Воспоминания не самые приятные. Тогда в лицее устроили рождественский бал, и Ульяна вежливо, но с долей манерного превосходства отказалась от предложения Ромашки пойти парой. Она заявилась на бал под руку с Антоном, в красивом дорогом платье, с прической от известного стилиста и ювелирными украшениями, предоставленными на вечер в качестве рекламной презентации. На следующий день, следуя анонимному вызову, полиция оцепила здание особняка Климовых, и в комоде Ульяны был найден пистолет с отпечатками Антона, а в школьной сумке самого Васильева – гильзы от патронов.

Подростки четырнадцати лет и хранение огнестрельного оружия с намеком на то, что оно было не раз использовано, шутка ли.

Ульяну отмазывали родители, а Антона, конечно же, мой отец. Он тогда молча и без единого нарекания задействовал связи в полиции, которыми так не любил пользоваться, вновь наносил визиты старым приятелям с девяностых, вновь щедро платил. К Ромашке след не подвел даже частных детективов, которых мама Антона наняла, чтобы разобраться в ситуации окончательно. Но мы все знали, чьих рук это было дело.

Хотя больше никогда не заговаривали об этом инциденте, знали.

Конечно, и я грешил необдуманной подростковой местью, потому мне не пришло бы в голову припоминать Ромашке о прошлом. Просто с тех пор я имел четкое представление о том, что этот человек рано или поздно добивается своего. А если не добивается, наглядно показывает собственное недовольство.

– Обычные люди в четырнадцать не подкладывают друзьям огнестрел, – напоминаю как бы между прочим, делая очередную затяжку. Антон достает какую-то тряпку и вытирает руки, широко улыбаясь в ответ:

– Так кто тебе сказал, что мы обычные люди?

Придурок. Лишь бы отшутиться.

Телефон вибрирует, и на дисплее появляется лаконичное «Никита». Не помню, как заносил его в контакты, но тут же беру трубку и с неоправданным, внезапно проскочившим в тон беспокойством спрашиваю:

– Случилось что-то?

Никита от такого напора даже теряется, так что несколько мгновений я слышу только шум на заднем фоне, характерный для школьных раздевалок.

– Ну, – тянет он со смешком, – наверное, случилось. Например, ты не пришел в школу.

Меня отпускает, и я позволяю себе облегченно выдохнуть. Антон поглядывает в мою сторону с едва скрываемым любопытством, и мне приходится в очередной раз напомнить себе, что голос Никиты – это всего лишь голос. И улыбаться вне всякой на то причины, слыша его, совершенно необязательно.
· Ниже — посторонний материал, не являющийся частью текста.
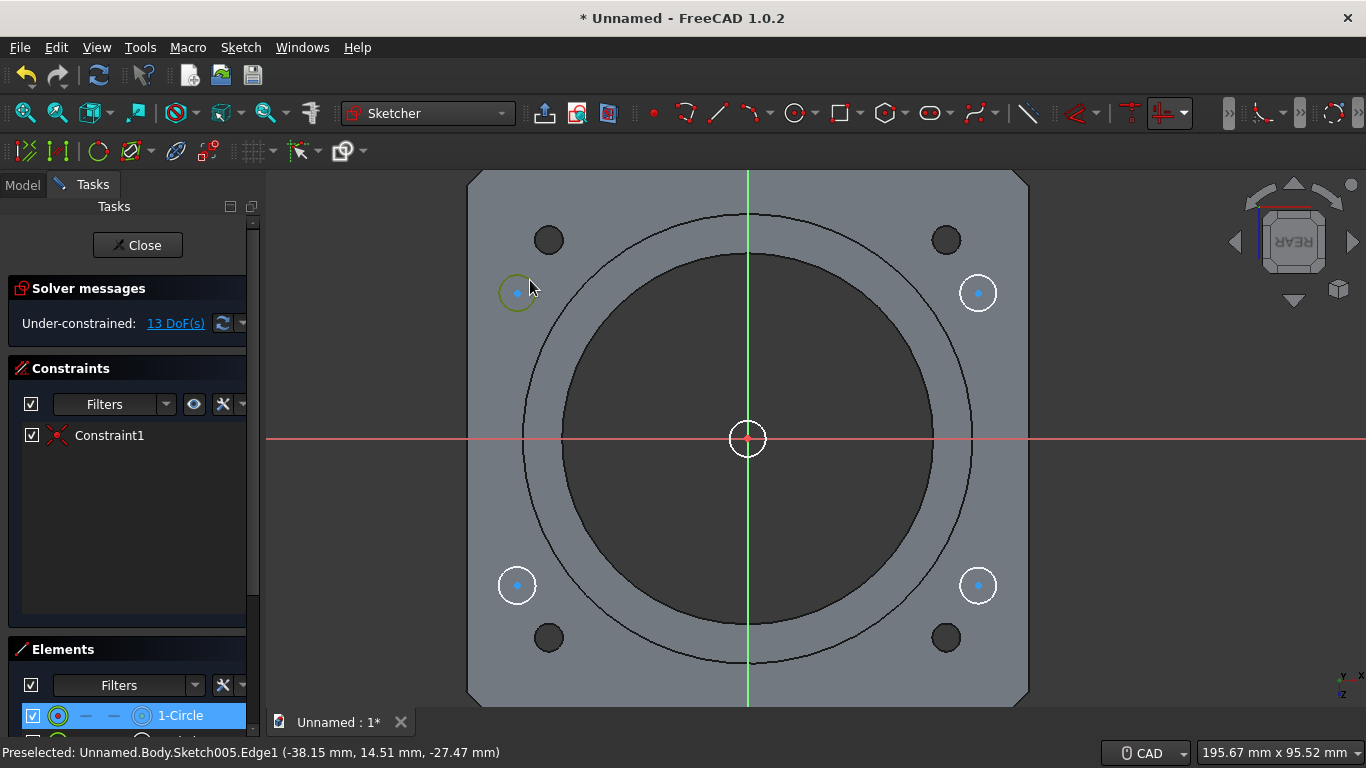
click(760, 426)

– Виктора с Ульяной забрали на какое-то мероприятие в «Аоне», – рассказывает Никита скучающим тоном. – Ну и Ромашку, естественно… Я слабо разбираюсь в связях богатых и влиятельных этого города, но что-то важное, судя по всему. Блин… ты с ними?

Очередная презентация от Романова-старшего, который сидеть спокойно не может в предвкушении долгожданного раскола.

– Нет, меня на вечеринку не позвали, поэтому я просто катаюсь, – на самом деле позвали, скорее всего, только вчера я временно занес номера Ромашки и Громова в черный список и благополучно забыл их оттуда вытащить. Зато теперь у меня есть повод протянуть с улыбкой, сквозящей даже в голосе: – на своей ламборджини.

– Ты мне специально душу травишь? – обиженно спрашивает Никита. – У меня как раз физиотерапия кончилась, и есть целый час ожидания брата в раздевалках, чтобы вдоволь погоревать по самой крутой тачке в мире.

В голову приходит внезапная идея, которая заставляет меня приободриться, отшвырнуть дотлевший окурок и завести машину.

– Знаешь, что? – говорю в трубку, понимая, что тишина на том проводе – следствие лишь того, что Никита жадно вслушивается в рокот мотора. – А давай в кино? Минут через пятнадцать буду ждать тебя на школьном дворе.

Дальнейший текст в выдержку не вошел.